Gait Laboratory Setup
The gait laboratory including motion capture system to measure the kinematics and kinetics of the subjects and suspension system for ensuring safety concern. Using ultra-high-resolution infrared video cameras(8 Vicon Bonita, Vicon Nexus 2.1)(Fig. 1) to record the trajectories of each reflection markers on human segments, force plate(4 AMTI BP400600-2000, Newton, MA, U.S.A)(Fig. 2) for measuring ground reaction force during activities and electromyography(EMG) to realize particular muscle contribution during functional movements.
Figure 1. Vicon Bonita
Figure 2. AMTI Force Plate
Before starting motion capture, cameras position and force plates orientation need to be determined. For making sure that all reflection markers able to be detected by at least three cameras to reconstruct three-dimensional trajectory, the optimization of the camera's position in circle arrangement(Fig. 3) was the best option. According to numerous functional activities we need to estimate, I placed the four force plates in the shape as shown in Fig. 4 that able to record walk, sit-to-stand, stand-to-sit and climb stairs motion. Then we start the motion capture in calibration the system(Fig. 5).
Figure 3. Camera Position
Figure 4. Force Plates Orientation
Figure 5. System Calibration
In order to calculate the kinematics of the subjects, we have to separate the whole body into several different segments. Since the motion analysis of exoskeleton robot focus on lower limb movements, I developed the definition of lower limbs marker set not only for human(Fig. 6) but also for exoskeleton robot.

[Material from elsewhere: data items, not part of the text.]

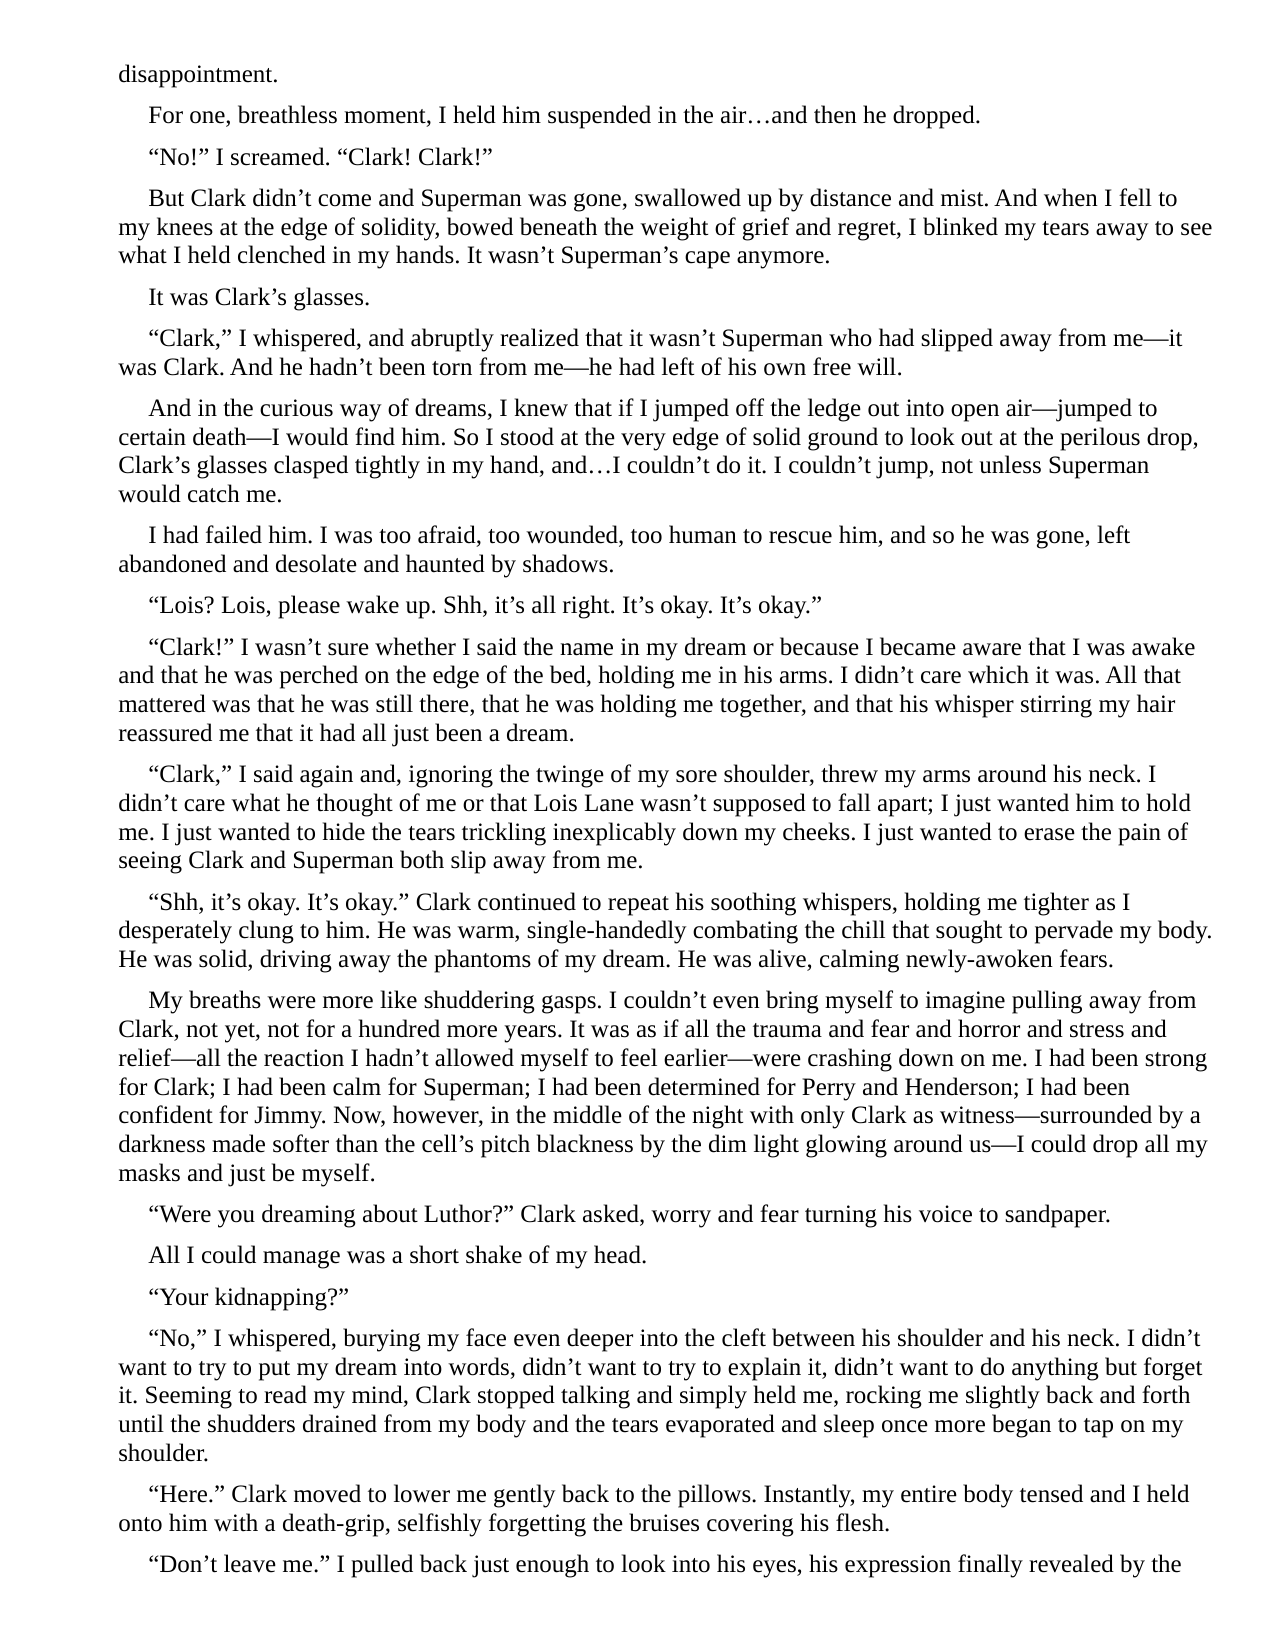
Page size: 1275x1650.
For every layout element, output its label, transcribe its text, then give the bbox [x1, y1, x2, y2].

text “Clark,” I said again and, ignoring the twinge of my sore shoulder, threw my arms around his neck. I didn’t care what he thought of me or that Lois Lane wasn’t supposed to fall apart; I just wanted him to hold me. I just wanted to hide the tears trickling inexplicably down my cheeks. I just wanted to erase the pain of seeing Clark and Superman both slip away from me. [118, 759, 1216, 874]
text disappointment. [118, 59, 1216, 88]
text “Were you dreaming about Luthor?” Clark asked, worry and fear turning his voice to sandpaper. [118, 1199, 1216, 1228]
text “Your kidnapping?” [118, 1282, 1216, 1310]
text My breaths were more like shuddering gasps. I couldn’t even bring myself to imagine pulling away from Clark, not yet, not for a hundred more years. It was as if all the trauma and fear and horror and stress and relief—all the reaction I hadn’t allowed myself to feel earlier—were crashing down on me. I had been strong for Clark; I had been calm for Superman; I had been determined for Perry and Henderson; I had been confident for Jimmy. Now, however, in the middle of the night with only Clark as witness—surrounded by a darkness made softer than the cell’s pitch blackness by the dim light glowing around us—I could drop all my masks and just be myself. [118, 985, 1216, 1187]
text “No!” I screamed. “Clark! Clark!” [118, 142, 1216, 170]
text “Don’t leave me.” I pulled back just enough to look into his eyes, his expression finally revealed by the [118, 1549, 1216, 1578]
text “Clark,” I whispered, and abruptly realized that it wasn’t Superman who had slipped away from me—it was Clark. And he hadn’t been torn from me—he had left of his own free will. [118, 323, 1216, 380]
text I had failed him. I was too afraid, too wounded, too human to rescue him, and so he was gone, left abandoned and desolate and haunted by shadows. [118, 520, 1216, 578]
text It was Clark’s glasses. [118, 282, 1216, 310]
text And in the curious way of dreams, I knew that if I jumped off the ledge out into open air—jumped to certain death—I would find him. So I stood at the very edge of solid ground to look out at the perilous drop, Clark’s glasses clasped tightly in my hand, and…I couldn’t do it. I couldn’t jump, not unless Superman would catch me. [118, 393, 1216, 508]
text But Clark didn’t come and Superman was gone, swallowed up by distance and mist. And when I fell to my knees at the edge of solidity, bowed beneath the weight of grief and regret, I blinked my tears away to see what I held clenched in my hands. It wasn’t Superman’s cape anymore. [118, 183, 1216, 269]
text “Here.” Clark moved to lower me gently back to the pillows. Instantly, my entire body tensed and I held onto him with a death-grip, selfishly forgetting the bruises covering his flesh. [118, 1479, 1216, 1537]
text “No,” I whispered, burying my face even deeper into the cleft between his shoulder and his neck. I didn’t want to try to put my dream into words, didn’t want to try to explain it, didn’t want to do anything but forget it. Seeming to read my mind, Clark stopped talking and simply held me, rocking me slightly back and forth until the shudders drained from my body and the tears evaporated and sleep once more began to tap on my shoulder. [118, 1323, 1216, 1467]
text “Lois? Lois, please wake up. Shh, it’s all right. It’s okay. It’s okay.” [118, 590, 1216, 619]
text All I could manage was a short shake of my head. [118, 1240, 1216, 1269]
text “Clark!” I wasn’t sure whether I said the name in my dream or because I became aware that I was awake and that he was perched on the edge of the bed, holding me in his arms. I didn’t care which it was. All that mattered was that he was still there, that he was holding me together, and that his whisper stirring my hair reassured me that it had all just been a dream. [118, 632, 1216, 747]
text For one, breathless moment, I held him suspended in the air…and then he dropped. [118, 100, 1216, 129]
text “Shh, it’s okay. It’s okay.” Clark continued to repeat his soothing whispers, holding me tighter as I desperately clung to him. He was warm, single-handedly combating the chill that sought to pervade my body. He was solid, driving away the phantoms of my dream. He was alive, calming newly-awoken fears. [118, 887, 1216, 973]

Figure 6. Human Lower Limbs Marker Set
Result and Discussion
Center of mass(COM) & Center of pressure(COP)
The center of mass was the important indicator that helps us realize the stability of movement. The COM in view of the frontal plane boundary in 4 x 2 centimeters rectangular area for normal people during level walking. The result of COM analysis of spinal core injured patient wearing exoskeleton robot during walking was at the larger side of horizontal length about 18 centimeters, but the vertical length was no different to the normal people. It indicated that the stability alone left-and-right was in unstable condition while walking and help us to understand that we have to redesign the strategy of the ankle joint to enhance the balance of the exoskeleton robot.

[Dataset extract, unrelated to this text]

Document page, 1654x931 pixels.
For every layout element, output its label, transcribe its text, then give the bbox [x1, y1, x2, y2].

We used the center of pressure to evaluate the ability of balance during walking that was the crucial information for motion analysis system. The result of COP analysis of spinal core injured patient wearing exoskeleton robot to walk in two steps that the patient tends to load in the right side. It showed that we have to plan the new training protocol about how to equally use your left and right arm for the patient before they use the exoskeleton robot.
Combined the information of COM and COP to figure out whether the patient complete the step or not. If the COM still backward to the COP during walking, the patient may be in danger. The result as shown in Fig. 7 that the initiate of walking was unstable but after more steps it became stabilization. It reminded us to develop the mechanism that it should be in the certain condition that exoskeleton robot will begin the movement.

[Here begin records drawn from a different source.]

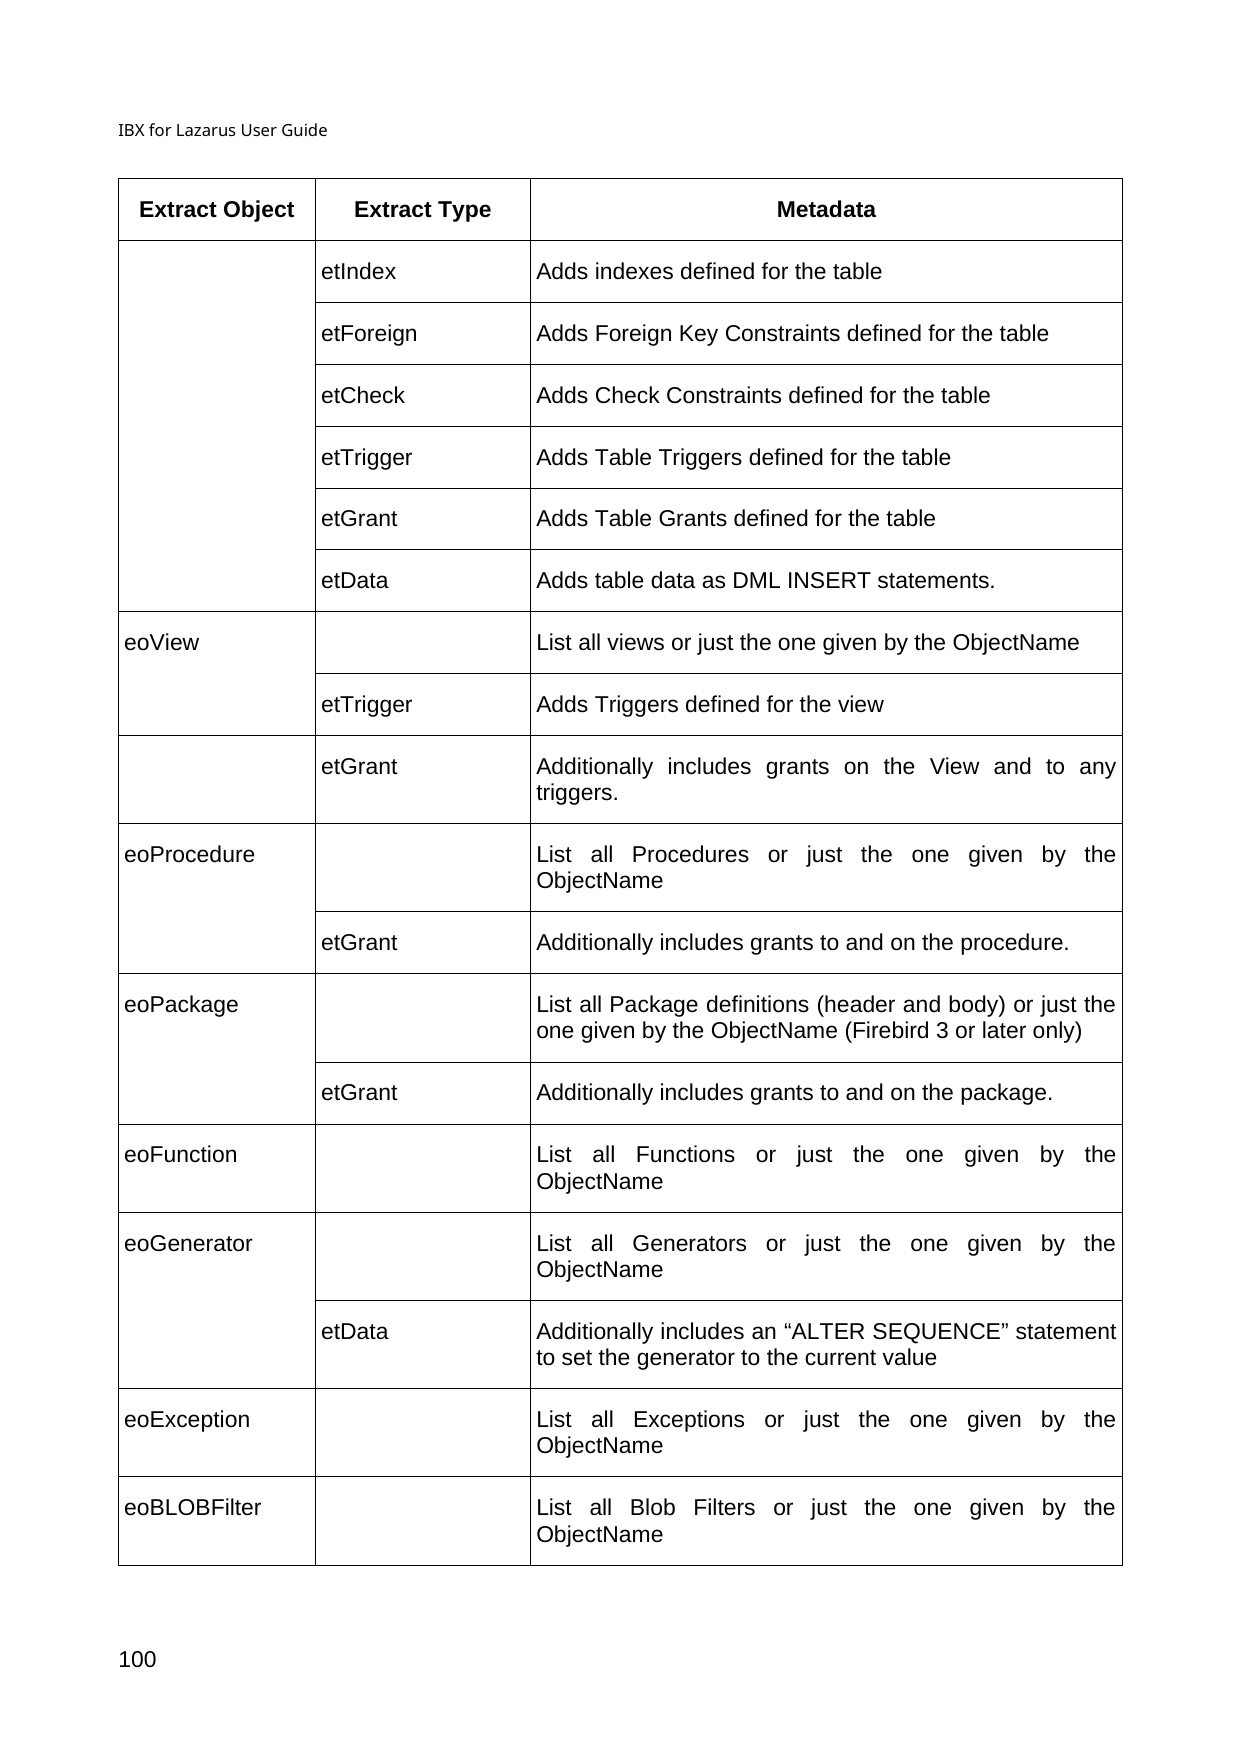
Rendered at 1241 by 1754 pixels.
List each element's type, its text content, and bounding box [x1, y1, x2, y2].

table_cell [316, 824, 530, 911]
table_cell [316, 1213, 530, 1300]
table_cell [119, 736, 315, 823]
table_cell [316, 612, 530, 673]
table_header Extract Object [119, 179, 315, 240]
table_header Metadata [531, 179, 1122, 240]
table_cell List all Blob Filters or just the one given by the ObjectName [531, 1477, 1122, 1564]
table_cell etData [316, 550, 530, 611]
table_cell Adds Check Constraints defined for the table [531, 365, 1122, 426]
table_cell Additionally includes an “ALTER SEQUENCE” statement to set the generator to the current value [531, 1301, 1122, 1388]
table_cell [119, 241, 315, 611]
table_cell Adds Foreign Key Constraints defined for the table [531, 303, 1122, 364]
table_cell eoGenerator [119, 1213, 315, 1388]
table_cell List all views or just the one given by the ObjectName [531, 612, 1122, 673]
table_cell List all Procedures or just the one given by the ObjectName [531, 824, 1122, 911]
table_cell [316, 1389, 530, 1476]
table_cell List all Generators or just the one given by the ObjectName [531, 1213, 1122, 1300]
table_cell Adds Table Grants defined for the table [531, 489, 1122, 549]
table_cell Additionally includes grants on the View and to any triggers. [531, 736, 1122, 823]
table_cell [316, 1125, 530, 1212]
table_cell etIndex [316, 241, 530, 302]
table_cell etGrant [316, 736, 530, 823]
table_cell List all Functions or just the one given by the ObjectName [531, 1125, 1122, 1212]
table_cell [316, 974, 530, 1062]
table_cell eoFunction [119, 1125, 315, 1212]
table_cell List all Package definitions (header and body) or just the one given by the ObjectName (Firebird 3 or later only) [531, 974, 1122, 1062]
table_cell Additionally includes grants to and on the package. [531, 1063, 1122, 1123]
table_cell Adds Table Triggers defined for the table [531, 427, 1122, 487]
table_cell etGrant [316, 912, 530, 973]
table_cell Additionally includes grants to and on the procedure. [531, 912, 1122, 973]
table_cell eoProcedure [119, 824, 315, 973]
table_cell Adds indexes defined for the table [531, 241, 1122, 302]
table_cell etTrigger [316, 427, 530, 487]
table_cell Adds Triggers defined for the view [531, 674, 1122, 735]
table_cell eoView [119, 612, 315, 735]
table_cell [316, 1477, 530, 1564]
table_cell eoException [119, 1389, 315, 1476]
table_cell etGrant [316, 489, 530, 549]
table_cell etTrigger [316, 674, 530, 735]
table_cell etCheck [316, 365, 530, 426]
table_cell etGrant [316, 1063, 530, 1123]
table_header Extract Type [316, 179, 530, 240]
table_cell List all Exceptions or just the one given by the ObjectName [531, 1389, 1122, 1476]
table_cell Adds table data as DML INSERT statements. [531, 550, 1122, 611]
table_cell eoPackage [119, 974, 315, 1123]
table_cell etData [316, 1301, 530, 1388]
table_cell etForeign [316, 303, 530, 364]
table_cell eoBLOBFilter [119, 1477, 315, 1564]

Walk Direction (Four steps)
Figure 7. COM&COP Relationship In Sagittal Plane
Relationship of clutches, Steps and COM
Built a model to estimate the relationship of clutches, steps and COM position during walking that helps us create the database to optimize the gait pattern of exoskeleton robot. The result as shown in below video indicated the more clear view of the geometry in three parameters. We will implement the real-time result into the control window that benefits the training people to have more information to teach the patient better use of exoskeleton robot.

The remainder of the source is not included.